At the middle of the second movement of the Third, Norgard had one half of the choir singing the Marian hymn "Ave Maris Stella". When he subsequently received a commission for a piece employing early music instrumentation, Norgard chose to spin off this melody into a standalone work. The result was "Nova Genitura" for soprano and ensemble (1975). It is amusing to hear bits of the infinity series played on instruments of three hundred years ago, such as lute, harpsichord, recorders and crumhorn. "Fons Laetitiae" for soprano and harp (1975) begins with another exploration of "Ave Maris Stella", but it goes on to mark the first appearance of the "Flos ut rosa floruit" melody which has got its own whole host of works over the last 30+ years. For those interested in the relationships between the many infinity series works of this era and their common melodies, there's a helpful diagram in the catalogue "Per Nørgårds kompositioner: En kronologisk-temaeatisk fortegnelse over værkerne 1949-1982" issued by his publisher Edition Wilhem Hansen.

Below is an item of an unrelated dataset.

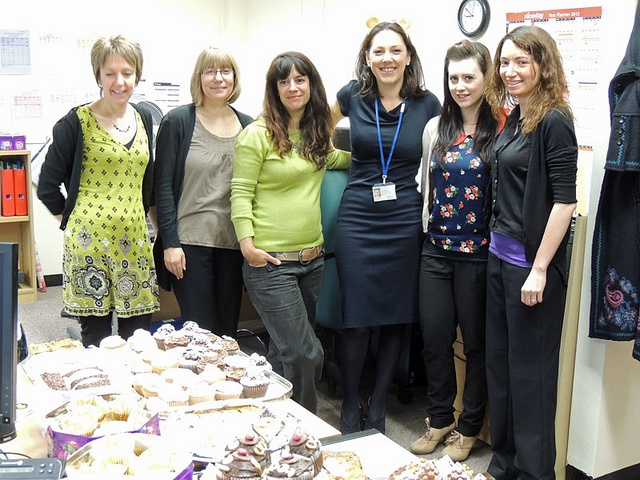Describe the objects in this image and their specific colors. I can see people in white, black, gray, tan, and ivory tones, people in white, black, navy, gray, and blue tones, people in white, black, gray, and navy tones, people in white, black, gray, khaki, and olive tones, and people in white, black, olive, khaki, and ivory tones in this image.

The moment when Per Norgard radically changed course from the cosmic unity of the infinity series of the 1970s to the schizoid music of the early 1980s is traditionally dated to one fine day in 1979, when Norgard encountered the work of the schizophrenic Swiss artist Adolf Wolfli at an art exhibition in Copenhagen. But in fact, a polarity between light and darkness, or idyll and catastrophy, began to manifest itself in his music a bit earlier. "Seadrift" for soprano and ensemble (1978) is another infinity series piece for early music ensemble, but it is in a very different mood than "Nova Genitura". This Walt Whitman setting is bipartite in form, with its first movement titled "Being Together" and its second "Torn Apart". The violence of the second movement does seem a bit tame and immature in context, as it seems Norgard really needed the art of Wolfli to unlock truly visceral catastrophe. Nonetheless, it provides a good variety against the two other pieces on the disc.



I've given this disc three stars in order to show where I feel it falls among Norgard's other output. Music listeners who are merely interested in modern works with a strong reference to traditional tonality will probably find the recording superb, and the endlessly blossoming melodies are indeed lovely. However, I find that they are not typical of Norgard's music in that the concept of interference between different musical planes is not very present. Of his infinity series works, I prefer those where the listener is challenged to follow one musical strand against another, or even follow a line that is unheard but part of the whole infinity series texture. For that reason I'm inclined to think of the Third Symphony, "Twilight" or "Frostsalme" as the major works of the era."